TSGT Allen Avery was assigned to the 37th Air Rescue and Recovery Squadron (ARRS) based at Da Nang, South Vietnam. On April 6, 1972, he was one of six crewmen aboard an HH-53C "Jolly Green Giant" helicopter engaged in an attempt to rescue downed Army and Air Force airmen in Quang Tri Province, South Vietnam. The other five men onboard were:

· CPT James H. Alley
· CPT Peter H. Chapman
· CPT John H. Call
· SGT William R. Pearson
· TSGT Roy D. Prater

I invite all Pararescue family members to attend this service in honor my father, as well as honoring his fallen crew members. April 6, 2012, is the 40th anniversary of the downing of “Jolly Green 67.” I am grateful that a way was found to ensure this date is the day we will be able to honor my father and his fallen comrades.


----------



## CDG (Mar 11, 2012)

Welcome Home TSGT Avery.
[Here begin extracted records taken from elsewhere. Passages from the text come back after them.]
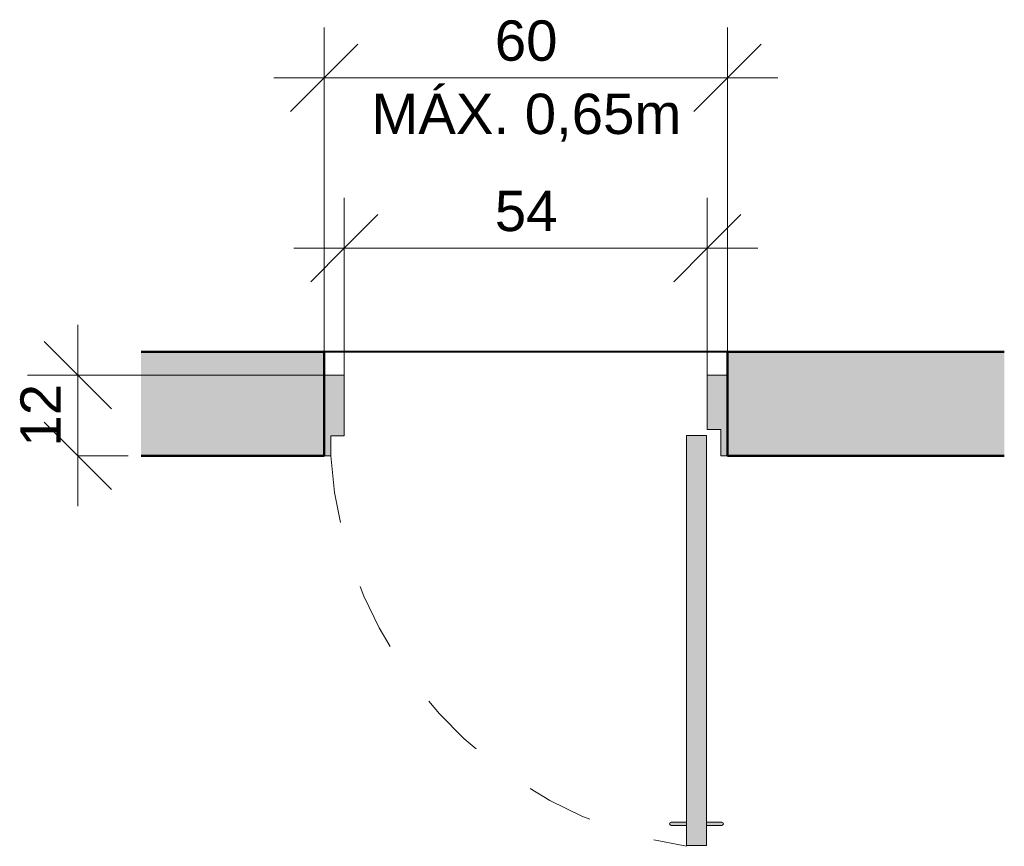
# Model space of a CAD drawing. Header units: metres. Extents: x -7.1 to 16.7, y -17.8 to 3.5.
# Tile 10 of 13: x 13.7 to 15.2, y -12 to -10.7. Entities that reach past the tile are written whole.
import ezdxf

# ---------------------------------------------------------------- set-up
doc = ezdxf.new("R2010")
doc.units = ezdxf.units.M
doc.linetypes.add('Projeção', pattern=[0.003969, 0.002381, -0.001587])
for name, color, linetype, lineweight in [('A-ANNO-DIMS', 7, 'Continuous', 9), ('A-ANNO-DIMS-50', 7, 'Continuous', 9), ('A-DETL-GENF', 7, 'Continuous', 5), ('A-FLOR-OVHD', 7, 'Projeção', 5), ('A-WALL-PATT', 7, 'Continuous', 5), ('I-WALL', 7, 'Continuous', 5)]:
    doc.layers.add(name, color=color, linetype=linetype, lineweight=lineweight)
doc.layers.add('A-DETL', color=7, linetype='Continuous', lineweight=5, true_color=0x00a600)
doc.styles.add('Arial', font='arial.ttf', dxfattribs={"height": 0.06})
doc.dimstyles.new('Com_linha__ref__contínua__-_Cor_Vermelha_Arial_1_2mm_2', dxfattribs={"dimscale": 0.3048, "dimtxt": 0.061216, "dimasz": 0.328084, "dimexe": 0.246063, "dimexo": 0.246063, "dimgap": 0.024606, "dimtad": 1, "dimdec": 1, "dimlfac": 100, "dimrnd": 0.1, "dimdsep": 46, "dimtxsty": 'Arial', "dimblk1": 'OBLIQUE', "dimblk2": 'OBLIQUE', "dimsah": 1, "dimcen": 0.09, "dimdle": 0.246063, "dimazin": 0, "dimtfac": 1, "dimtdec": 4, "dimtix": 1, "dimtmove": 0, "dimatfit": 3, "dimfxl": 1, "dimtvp": 1, "dimtolj": 1, "dimtzin": 0, "dimarcsym": 2})

# ---------------------------------------------------------------- blocks, each defined once
blk = doc.blocks.new('DIMBLOCK14-P2')
at = {"layer": 'A-ANNO-DIMS-50', "color": 242, "true_color": 0xbd2b2e}
for p, q in [((14.1858, -10.8273), (14.1858, -10.7523)), ((14.7858, -10.8273), (14.7858, -10.7523)), ((14.1858, -10.8273), (14.2358, -10.7773)), ((14.7858, -10.8273), (14.8358, -10.7773)), ((14.1108, -10.8273), (14.8608, -10.8273)), ((14.1858, -10.8273), (14.1358, -10.8773)), ((14.1858, -10.8273), (14.1858, -11.2534)), ((14.7858, -10.8273), (14.7358, -10.8773)), ((14.7858, -10.8273), (14.7858, -11.2534))]:
    blk.add_line(p, q, dxfattribs=at)
at = {"layer": 'A-ANNO-DIMS-50', "color": 0, "char_height": 0.06, "attachment_point": 1, "line_spacing_factor": 0.941778, "style": 'Arial'}
for s, insert, width in [('60', (14.4397, -10.7419), 0.110753), ('MÁX. 0,65m', (14.256, -10.851), 0.551505)]:
    blk.add_mtext(s, dxfattribs=dict(at, insert=insert, width=width))
blk = doc.blocks.new('_Oblique')
at = {"color": 0, "linetype": 'ByBlock', "lineweight": -2}
blk.add_line((-0.5, -0.5), (0.5, 0.5), dxfattribs=at)
blk = doc.blocks.new('DIMBLOCK15-P2')
at = {"layer": 'A-ANNO-DIMS-50', "color": 242, "true_color": 0xbd2b2e}
for p, q in [((14.2158, -11.0809), (14.2158, -11.0059)), ((14.7558, -11.0809), (14.7558, -11.0059)), ((14.2158, -11.0809), (14.2658, -11.0309)), ((14.7558, -11.0809), (14.8058, -11.0309)), ((14.1408, -11.0809), (14.8308, -11.0809)), ((14.2158, -11.0809), (14.1658, -11.1309)), ((14.2158, -11.0809), (14.2158, -11.2884)), ((14.7558, -11.0809), (14.7058, -11.1309)), ((14.7558, -11.0809), (14.7558, -11.3015))]:
    blk.add_line(p, q, dxfattribs=at)
at = {"layer": 'A-ANNO-DIMS-50', "color": 0, "insert": (14.4397, -10.9955), "char_height": 0.06, "width": 0.110753, "attachment_point": 1, "line_spacing_factor": 0.941778, "style": 'Arial'}
blk.add_mtext('54', dxfattribs=at)
blk = doc.blocks.new('DIMBLOCK16-P2')
at = {"layer": 'A-ANNO-DIMS-50', "color": 242, "true_color": 0xbd2b2e}
for p, q in [((13.8193, -11.195), (13.8193, -11.465)), ((13.8193, -11.27), (13.7693, -11.22)), ((13.8193, -11.27), (13.7443, -11.27)), ((13.8193, -11.27), (13.8693, -11.32)), ((13.8193, -11.27), (14.2042, -11.27)), ((13.8193, -11.39), (13.7693, -11.34)), ((13.8193, -11.39), (13.8693, -11.44)), ((13.8193, -11.39), (13.8943, -11.39)), ((13.8193, -11.39), (13.8396, -11.39))]:
    blk.add_line(p, q, dxfattribs=at)
at = {"layer": 'A-ANNO-DIMS-50', "color": 0, "insert": (13.7339, -11.3762), "char_height": 0.06, "width": 0.110753, "attachment_point": 1, "rotation": 90, "line_spacing_factor": 0.941778, "style": 'Arial'}
blk.add_mtext('12', dxfattribs=at)

msp = doc.modelspace()

# ---------------------------------------------------------------- hatches: boundary and pattern name
at = {"layer": 'A-DETL-GENF', "true_color": 0xffffff}
h = msp.add_hatch(color=7, dxfattribs=at)
h.paths.add_polyline_path([(14.7247, -11.97), (14.7547, -11.97), (14.7547, -11.3597), (14.7247, -11.3597), (14.7247, -11.94)])
h.paths.add_polyline_path([(14.7858, -11.39), (14.7858, -11.27), (14.7558, -11.27), (14.7558, -11.3508), (14.7758, -11.3508), (14.7758, -11.39)])
h.paths.add_polyline_path([(14.1958, -11.39), (14.1958, -11.36), (14.2158, -11.3597), (14.2158, -11.27), (14.1858, -11.27), (14.1858, -11.39)])
for points in [[(14.7022, -11.94), (14.7247, -11.94), (14.7247, -11.935), (14.701, -11.9354), (14.7005, -11.9358), (14.6997, -11.9375), (14.7005, -11.939), (14.701, -11.9393)], [(14.7772, -11.94), (14.779, -11.9393), (14.7797, -11.9375), (14.779, -11.9359), (14.7785, -11.9354), (14.7772, -11.935), (14.7547, -11.935), (14.7547, -11.94)]]:
    msp.add_hatch(color=7, dxfattribs=at).paths.add_polyline_path(points)
at = {"layer": 'A-WALL-PATT', "true_color": 0x808080}
h = msp.add_hatch(color=8, dxfattribs=at)
h.paths.add_polyline_path([(14.0972, -11.39), (14.0972, -11.235), (13.9135, -11.235), (13.9135, -11.39)])
h.paths.add_polyline_path([(14.8663, -11.39), (15.1976, -11.39), (15.1976, -11.235), (14.8663, -11.235)])
h = msp.add_hatch(color=8, dxfattribs=at)
h.paths.add_polyline_path([(14.1858, -11.39), (14.1858, -11.235), (14.0972, -11.235), (14.0972, -11.39)])
h.paths.add_polyline_path([(14.8663, -11.39), (14.8663, -11.235), (14.7858, -11.235), (14.7858, -11.39)])

# ---------------------------------------------------------------- linework, layer by layer
at = {"layer": 'A-DETL', "color": 7, "lineweight": 40}
msp.add_line((14.7858, -11.235), (14.1858, -11.235), dxfattribs=at)
at = {"layer": 'A-DETL', "color": 7}
for p, q in [((14.2158, -11.27), (14.1858, -11.27)), ((14.2158, -11.36), (14.2158, -11.27)), ((14.7858, -11.27), (14.7558, -11.27)), ((14.7558, -11.27), (14.7558, -11.3508)), ((14.7558, -11.3508), (14.7758, -11.3508)), ((14.7758, -11.3508), (14.7758, -11.39)), ((14.1958, -11.39), (14.1958, -11.36)), ((14.1958, -11.36), (14.2158, -11.36)), ((14.7547, -11.3597), (14.7247, -11.3597)), ((14.7247, -11.3597), (14.7247, -11.935)), ((14.7547, -11.935), (14.7547, -11.3597)), ((14.1858, -11.39), (14.1958, -11.39)), ((14.7758, -11.39), (14.7858, -11.39)), ((14.7247, -11.935), (14.7022, -11.935)), ((14.7247, -11.94), (14.7247, -11.935)), ((14.7772, -11.935), (14.7547, -11.935)), ((14.7547, -11.935), (14.7547, -11.94)), ((14.7022, -11.94), (14.7247, -11.94)), ((14.7247, -11.94), (14.7247, -11.97)), ((14.7547, -11.97), (14.7547, -11.94)), ((14.7547, -11.94), (14.7772, -11.94)), ((14.7247, -11.97), (14.7547, -11.97))]:
    msp.add_line(p, q, dxfattribs=at)
at = {"layer": 'A-DETL', "color": 7, "lineweight": 50}
for p, q in [((14.1858, -11.27), (14.1858, -11.39)), ((14.7858, -11.39), (14.7858, -11.27))]:
    msp.add_line(p, q, dxfattribs=at)
at = {"layer": 'A-DETL', "color": 7}
for centre, start, end in [((14.7022, -11.9375), 90, 270), ((14.7772, -11.9375), 270, 90)]:
    msp.add_arc(centre, 0.0025, start, end, dxfattribs=at)
at = {"layer": 'A-FLOR-OVHD'}
msp.add_arc((14.8201, -11.3531), 0.6254, 183.3879, 261.2177, dxfattribs=at)
at = {"layer": 'I-WALL', "lineweight": 50}
for p, q in [((13.9135, -11.235), (14.1858, -11.235)), ((14.1858, -11.27), (14.1858, -11.235)), ((15.1976, -11.235), (14.7858, -11.235)), ((14.7858, -11.27), (14.7858, -11.235)), ((13.9135, -11.39), (14.1858, -11.39)), ((15.1976, -11.39), (14.7858, -11.39))]:
    msp.add_line(p, q, dxfattribs=at)

# ---------------------------------------------------------------- dimensions: what is measured, and where the dimension line sits
at = {"layer": 'A-ANNO-DIMS', "color": 242, "true_color": 0xbd2b2e}
dim = msp.add_linear_dim(base=(14.7858, -10.8273), p1=(14.1858, -11.3284), p2=(14.7858, -11.3284), text='<>\\XMÁX. 0,65m', dimstyle='Com_linha__ref__contínua__-_Cor_Vermelha_Arial_1_2mm_2', override={"dimpost": '<>', "dimfxl": 0.6}, dxfattribs=at)
dim.commit()
dim.dimension.update_dxf_attribs({"geometry": 'DIMBLOCK14-P2', "text_midpoint": (14.4858, -10.8273)})
dim = msp.add_linear_dim(base=(14.7558, -11.0809), p1=(14.2158, -11.3634), p2=(14.7558, -11.3765), dimstyle='Com_linha__ref__contínua__-_Cor_Vermelha_Arial_1_2mm_2', override={"dimpost": '<>', "dimfxl": 0.540157}, dxfattribs=at)
dim.commit()
dim.dimension.update_dxf_attribs({"geometry": 'DIMBLOCK15-P2', "text_midpoint": (14.4858, -11.0429)})
dim = msp.add_linear_dim(base=(13.8193, -11.39), p1=(14.2792, -11.27), p2=(13.89, -11.39), angle=90, dimstyle='Com_linha__ref__contínua__-_Cor_Vermelha_Arial_1_2mm_2', override={"dimpost": '<>', "dimfxl": 0.407277}, dxfattribs=at)
dim.commit()
dim.dimension.update_dxf_attribs({"geometry": 'DIMBLOCK16-P2', "text_midpoint": (13.7817, -11.33)})

doc.saveas('drawing.dxf')

RIP.


----------



## LibraryLady (Mar 11, 2012)

Welcome home, TSGT Avery.  Good to have you home.  Prayers out to all affected by your loss.

LL


----------



## Red Flag 1 (Mar 11, 2012)

Rest In God's Peace Tsgt Avery.


----------



## tova (Mar 11, 2012)

RIP, Godspeed, PBS....


----------



## RackMaster (Mar 11, 2012)

RIP.


----------



## Gypsy (Mar 12, 2012)

Welcome home, may you finally Rest in Peace.


----------



## abn373 (Mar 14, 2012)

RIP


----------



## Ravensfan9090 (Mar 14, 2012)

RIP


----------